In "Casa", Ortiz Cofer takes us back in time to her household in San Juan, particularly during the traditional Puerto Rican daily hour of "cafe con leche", or coffee time. Here in the mahogany parlor, we witness how Mama (grandma) runs the hour as her listeners, made of four women of different generations from her family, sit to share stories.
The basic theme in "Casa" is, therefore, the tradition of sharing stories, which is a sign of the strong Spaniard influence in the island during this time in history. During the era of the 1950's, Puerto Ricans of the middle and upper classes had a social tendency to display much Spaniard customs that were quite evident in the idiosyncrasy of the people during that time, and some of hose customs are still quite guarded now in the 21st century.
Judith Ortiz Cofer takes special interest in the custom of storytelling because it denotes, in her eyes, the strongest of Puerto Rican traditions. She writes how stories that often were told over and over in the household were still listened to with the same degree of interest each time that they were repeated. With time, these ageless stories became more and more embellished. In the end, the actual story takes a personality of its own and is basically put into a "pool" of stories that will be used for specific reasons and during particular times.
For instance, the story of "Maria la Loca" (crazy Mary) would coincide with someone's engagement or upcoming wedding, since Maria was known for being jilted at the altar and for becoming mad as a result of it.
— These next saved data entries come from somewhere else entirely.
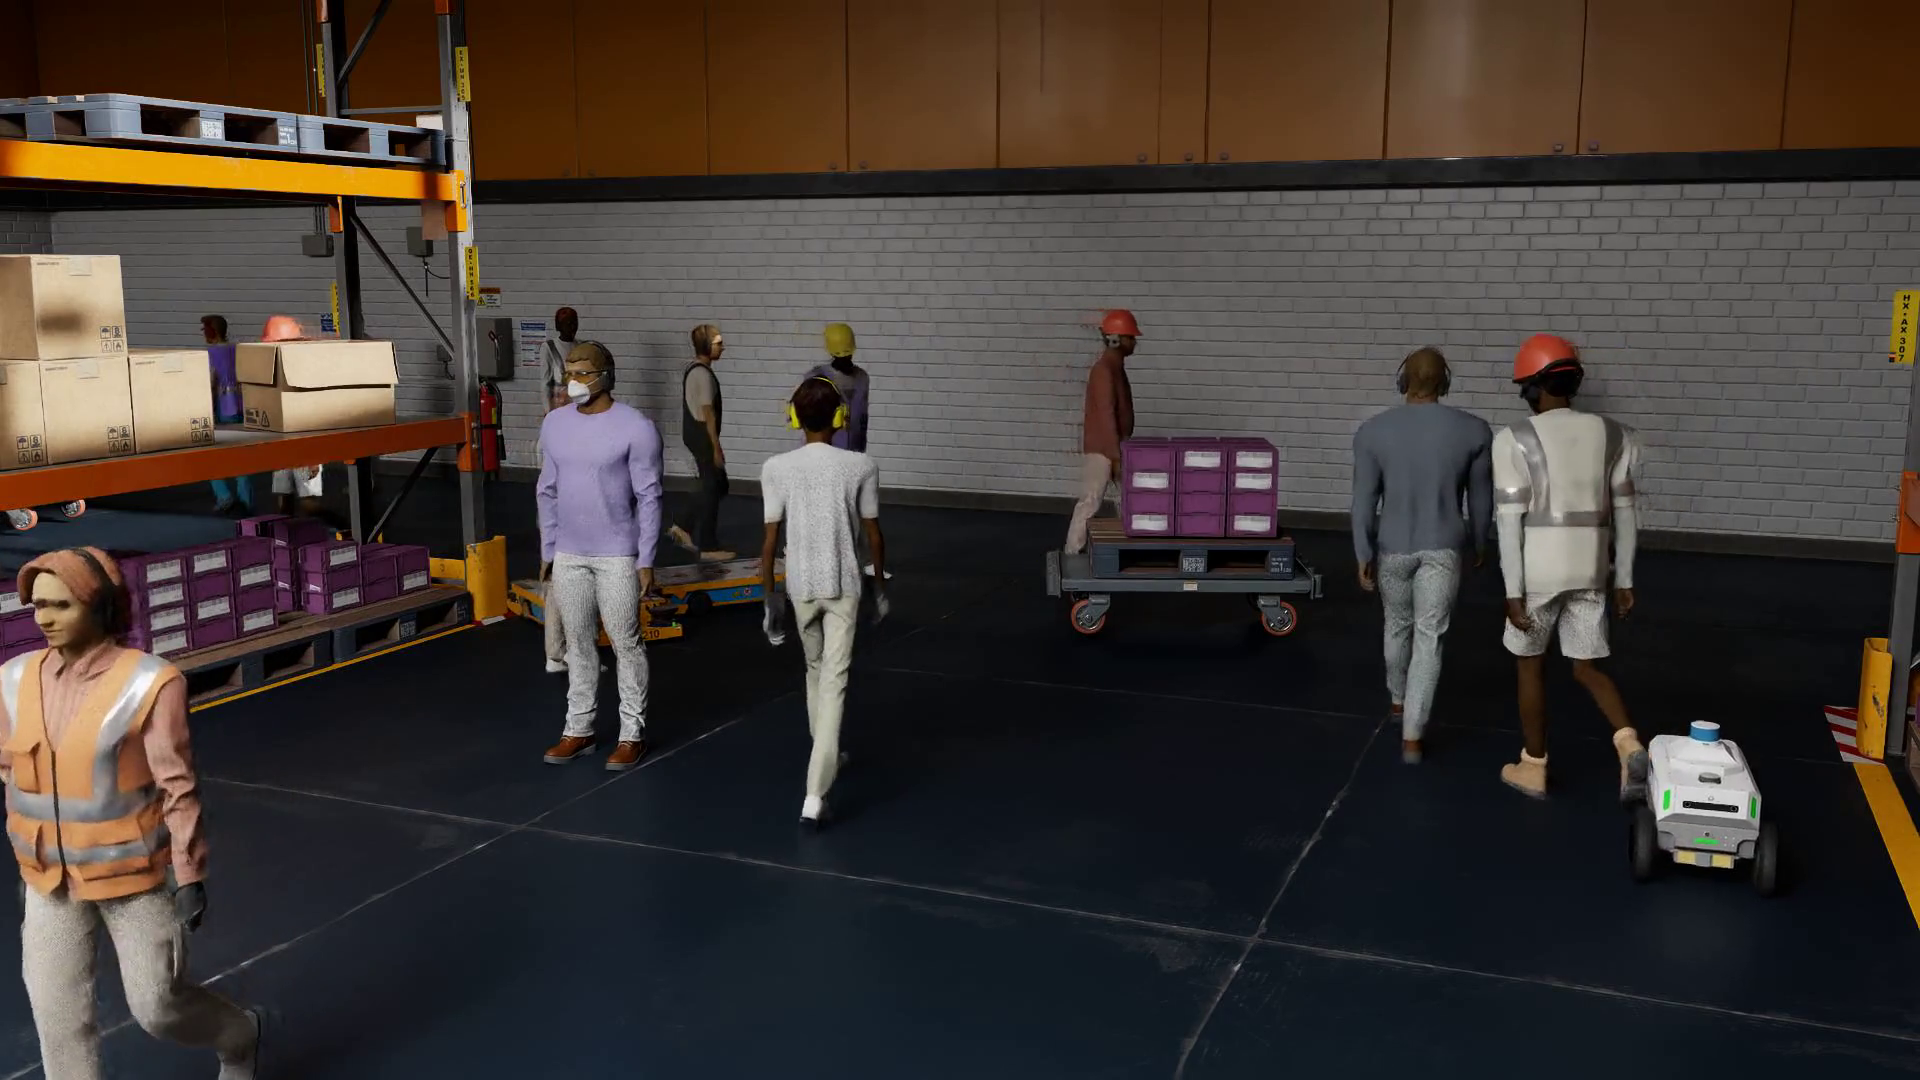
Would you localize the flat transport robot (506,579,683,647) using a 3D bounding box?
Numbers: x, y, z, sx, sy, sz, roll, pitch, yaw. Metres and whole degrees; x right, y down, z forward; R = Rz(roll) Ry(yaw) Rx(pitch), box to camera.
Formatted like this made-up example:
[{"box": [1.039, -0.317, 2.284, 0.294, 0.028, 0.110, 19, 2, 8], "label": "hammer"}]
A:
[{"box": [-2.316, 0.423, 10.428, 0.652, 0.197, 1.431, -6, 11, -31], "label": "flat transport robot"}]

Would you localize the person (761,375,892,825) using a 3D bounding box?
[{"box": [-0.568, 0.234, 6.934, 0.511, 1.829, 0.987, 1, 9, 8], "label": "person"}]

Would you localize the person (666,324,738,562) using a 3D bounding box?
[{"box": [-1.944, -0.726, 12.669, 0.443, 1.830, 0.515, -2, 10, -14], "label": "person"}]

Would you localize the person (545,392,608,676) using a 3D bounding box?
[{"box": [-2.110, -0.045, 9.138, 0.413, 1.619, 0.551, -7, 11, -35], "label": "person"}]

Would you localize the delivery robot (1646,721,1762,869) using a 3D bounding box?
[{"box": [2.783, 0.925, 6.247, 0.477, 0.478, 0.707, 3, 10, 19], "label": "delivery robot"}]

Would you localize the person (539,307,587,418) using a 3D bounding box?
[{"box": [-3.693, -1.247, 15.672, 0.339, 1.882, 0.581, 7, 12, 36], "label": "person"}]

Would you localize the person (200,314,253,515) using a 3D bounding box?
[{"box": [-6.688, -1.131, 15.147, 0.471, 1.829, 0.588, 3, 10, 19], "label": "person"}]

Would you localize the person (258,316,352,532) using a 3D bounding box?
[{"box": [-4.709, -0.654, 11.971, 0.556, 1.921, 0.655, 5, 11, 27], "label": "person"}]

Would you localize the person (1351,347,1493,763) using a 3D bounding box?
[{"box": [2.186, 0.035, 7.891, 0.631, 1.879, 1.028, 3, 10, 20], "label": "person"}]

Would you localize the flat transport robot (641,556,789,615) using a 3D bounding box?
[{"box": [-1.579, 0.297, 11.190, 1.431, 0.197, 0.652, -6, 11, -31], "label": "flat transport robot"}]

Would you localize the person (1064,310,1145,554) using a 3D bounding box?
[{"box": [1.164, -0.630, 11.723, 0.977, 1.946, 0.664, 3, 10, 16], "label": "person"}]

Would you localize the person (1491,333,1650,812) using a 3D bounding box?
[{"box": [2.527, 0.156, 6.855, 0.629, 2.002, 0.841, -2, 10, -10], "label": "person"}]

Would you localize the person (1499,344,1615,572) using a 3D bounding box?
[{"box": [4.430, -0.596, 12.292, 0.818, 1.699, 0.502, 0, 9, 1], "label": "person"}]

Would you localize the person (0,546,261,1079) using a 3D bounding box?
[{"box": [-2.053, 0.799, 4.083, 0.521, 1.620, 0.677, 2, 10, 10], "label": "person"}]

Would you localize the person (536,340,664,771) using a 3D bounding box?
[{"box": [-1.631, 0.072, 7.512, 0.627, 1.941, 0.372, 4, 10, 21], "label": "person"}]

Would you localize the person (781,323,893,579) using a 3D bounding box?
[{"box": [-0.932, -0.641, 12.042, 0.609, 1.872, 0.710, -9, 13, -43], "label": "person"}]

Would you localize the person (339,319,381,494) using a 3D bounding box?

However, aside from the art of storytelling, Ortiz also honors the unique qualities of Puerto Rican tradition, particularly the tendencies of believing in the supernatural, the ironically yet superbly-powerful role of the matriarch in an otherwise male-dominated society, and the strong bond among parents and their adult children which, in a non-Puerto Rican environment, may seem almost exaggerated.
Therefore, Judith Ortiz focuses on analyzing these specific traditions as a former self-described "Navy Brat" who has seen the differences and similarities of the American and Puerto Rican cultures and who can definitely appreciate the unique traits of both.